• _Exercise requirements_
Collect all lines from the records below that include the word "after".

Stored items

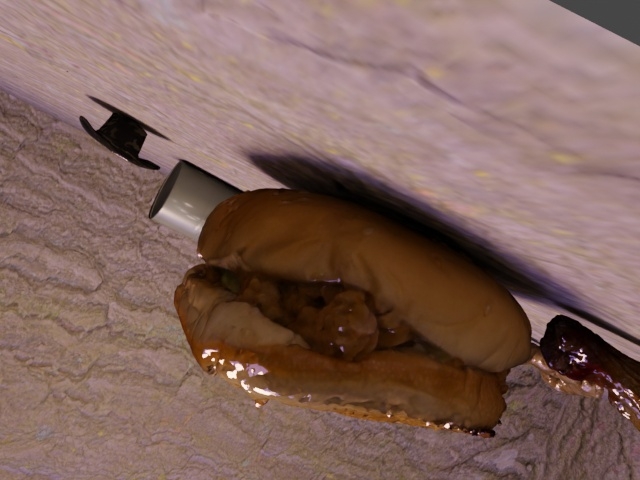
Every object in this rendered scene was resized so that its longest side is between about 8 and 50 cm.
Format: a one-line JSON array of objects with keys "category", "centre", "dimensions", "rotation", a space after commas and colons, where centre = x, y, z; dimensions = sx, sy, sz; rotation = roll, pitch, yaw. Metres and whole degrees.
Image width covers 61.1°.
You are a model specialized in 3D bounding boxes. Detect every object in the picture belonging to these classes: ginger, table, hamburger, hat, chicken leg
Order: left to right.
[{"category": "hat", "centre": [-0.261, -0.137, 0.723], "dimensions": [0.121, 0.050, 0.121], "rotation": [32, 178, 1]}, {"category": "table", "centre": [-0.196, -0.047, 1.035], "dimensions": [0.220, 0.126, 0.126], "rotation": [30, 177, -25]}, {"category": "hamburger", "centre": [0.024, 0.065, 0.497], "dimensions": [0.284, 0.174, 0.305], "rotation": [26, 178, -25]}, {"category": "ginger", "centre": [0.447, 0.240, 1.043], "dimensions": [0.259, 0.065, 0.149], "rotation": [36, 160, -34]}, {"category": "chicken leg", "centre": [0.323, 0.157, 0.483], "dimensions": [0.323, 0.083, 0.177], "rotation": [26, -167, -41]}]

---

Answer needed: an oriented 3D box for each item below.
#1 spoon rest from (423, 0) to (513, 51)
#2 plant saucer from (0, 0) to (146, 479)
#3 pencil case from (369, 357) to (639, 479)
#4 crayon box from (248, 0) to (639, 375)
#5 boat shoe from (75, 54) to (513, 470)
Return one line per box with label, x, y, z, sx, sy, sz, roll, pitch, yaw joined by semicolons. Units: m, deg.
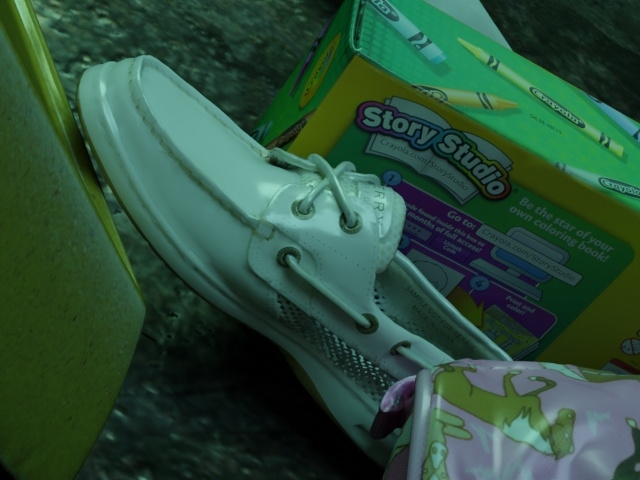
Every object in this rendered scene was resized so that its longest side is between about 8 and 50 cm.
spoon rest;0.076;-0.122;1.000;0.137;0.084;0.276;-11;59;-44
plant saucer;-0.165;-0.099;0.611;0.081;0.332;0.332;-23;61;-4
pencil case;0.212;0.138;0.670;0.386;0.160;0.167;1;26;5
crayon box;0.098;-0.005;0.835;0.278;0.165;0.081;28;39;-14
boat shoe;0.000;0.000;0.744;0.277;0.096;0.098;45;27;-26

--

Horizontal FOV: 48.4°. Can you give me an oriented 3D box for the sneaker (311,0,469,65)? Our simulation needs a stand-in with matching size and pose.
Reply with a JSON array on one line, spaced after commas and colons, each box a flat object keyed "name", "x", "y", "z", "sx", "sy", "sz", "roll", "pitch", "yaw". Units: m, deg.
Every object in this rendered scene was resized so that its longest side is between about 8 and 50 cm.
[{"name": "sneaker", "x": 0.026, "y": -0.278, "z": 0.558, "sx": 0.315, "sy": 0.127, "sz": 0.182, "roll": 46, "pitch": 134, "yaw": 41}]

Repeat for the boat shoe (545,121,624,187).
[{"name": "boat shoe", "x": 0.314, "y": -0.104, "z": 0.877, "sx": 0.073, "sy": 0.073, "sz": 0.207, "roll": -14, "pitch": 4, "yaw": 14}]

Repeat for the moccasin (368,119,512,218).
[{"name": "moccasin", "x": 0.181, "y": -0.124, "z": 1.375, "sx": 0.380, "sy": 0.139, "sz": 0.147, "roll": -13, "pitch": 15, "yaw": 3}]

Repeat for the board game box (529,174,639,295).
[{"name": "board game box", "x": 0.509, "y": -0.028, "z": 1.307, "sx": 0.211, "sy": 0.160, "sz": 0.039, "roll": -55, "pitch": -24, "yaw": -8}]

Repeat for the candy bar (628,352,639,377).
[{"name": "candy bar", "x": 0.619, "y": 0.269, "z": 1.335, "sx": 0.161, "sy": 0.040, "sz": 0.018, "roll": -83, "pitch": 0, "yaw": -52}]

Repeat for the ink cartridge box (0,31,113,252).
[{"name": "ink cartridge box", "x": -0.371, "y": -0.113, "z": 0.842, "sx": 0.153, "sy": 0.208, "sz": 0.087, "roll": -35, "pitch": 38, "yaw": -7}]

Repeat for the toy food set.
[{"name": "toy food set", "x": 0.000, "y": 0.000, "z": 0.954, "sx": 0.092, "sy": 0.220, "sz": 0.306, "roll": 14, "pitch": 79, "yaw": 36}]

• _Completed task_
Format: a one-line JSON array of objects with keys "category", "centre", "dimensions", "rotation", a space after commas and colons, where centre = x, y, z; dimensions = sx, sy, sz; rotation = roll, pitch, yaw. Metres and whole degrees.
Reply with a JSON array on one line, spaced after commas and colons, each box a flat object keyed "name", "x", "y", "z", "sx", "sy", "sz", "roll", "pitch", "yaw". Units: m, deg.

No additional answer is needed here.